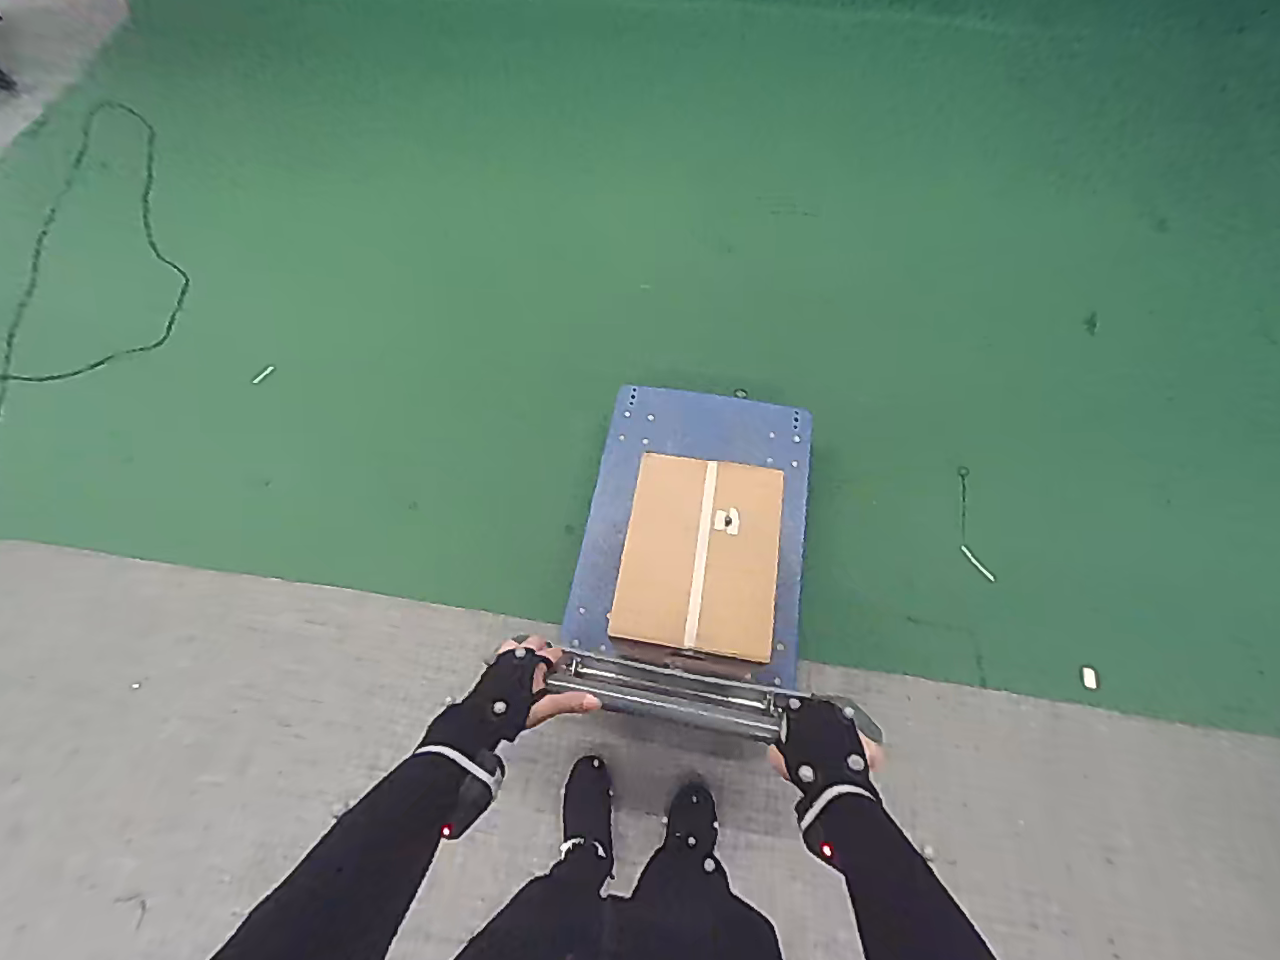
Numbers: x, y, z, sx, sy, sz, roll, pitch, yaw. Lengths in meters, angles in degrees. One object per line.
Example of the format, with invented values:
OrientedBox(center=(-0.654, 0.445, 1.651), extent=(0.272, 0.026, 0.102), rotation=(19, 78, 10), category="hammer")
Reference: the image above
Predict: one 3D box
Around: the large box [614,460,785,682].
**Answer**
OrientedBox(center=(0.137, 0.217, 1.235), extent=(0.320, 0.320, 0.408), rotation=(9, 65, 6), category="large box")

^^^^^^^^^^^^^^^^

▸ Task item
Reproduce without change every line of the entries above, from the one containing "Example of the" through the last.

▸ Result of the task
Example of the format, with invented values:
OrientedBox(center=(-0.654, 0.445, 1.651), extent=(0.272, 0.026, 0.102), rotation=(19, 78, 10), category="hammer")
Reference: the image above
Predict: one 3D box
Around: the large box [614,460,785,682].
**Answer**
OrientedBox(center=(0.137, 0.217, 1.235), extent=(0.320, 0.320, 0.408), rotation=(9, 65, 6), category="large box")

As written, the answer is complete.